**Given data**
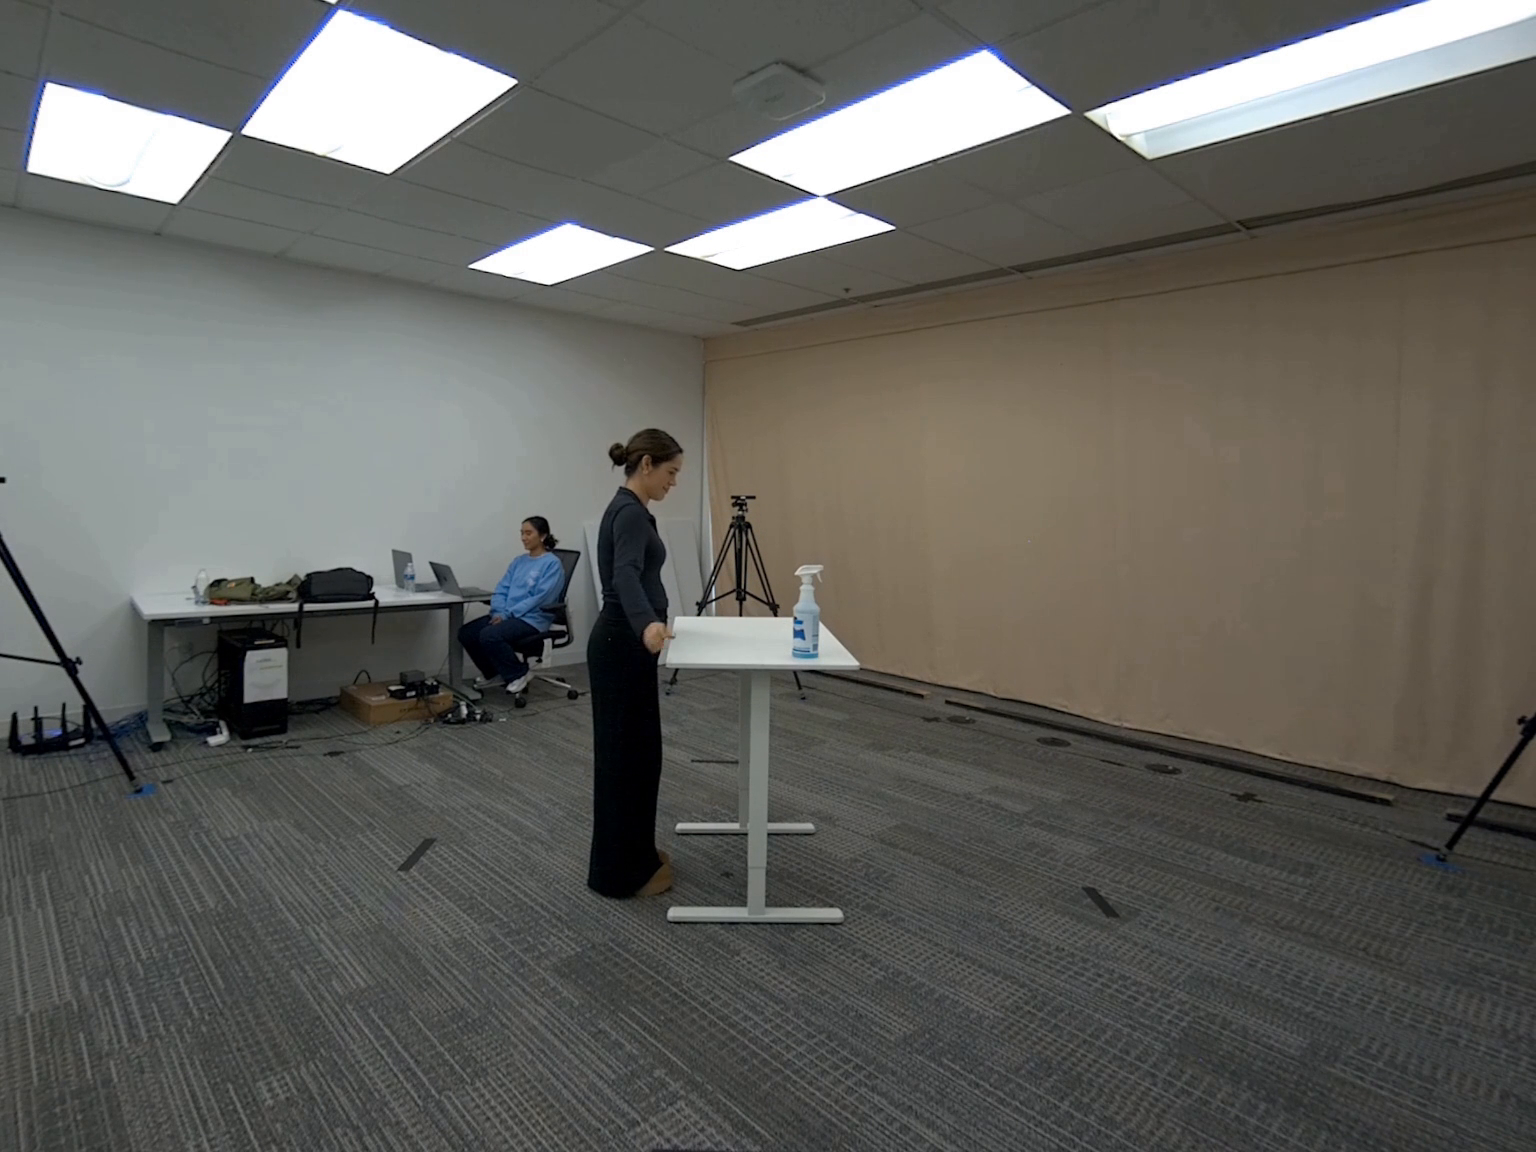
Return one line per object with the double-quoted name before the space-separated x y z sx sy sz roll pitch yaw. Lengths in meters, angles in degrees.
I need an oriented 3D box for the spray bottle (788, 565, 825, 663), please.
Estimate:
"spray bottle" 0.122 0.118 2.713 0.091 0.297 0.086 1 2 18

**Goal of the exercise**
Retype, without any change, every line from the one with "I need an oriented" to the bottom of the listing.

**Task output**
I need an oriented 3D box for the spray bottle (788, 565, 825, 663), please.
Estimate:
"spray bottle" 0.122 0.118 2.713 0.091 0.297 0.086 1 2 18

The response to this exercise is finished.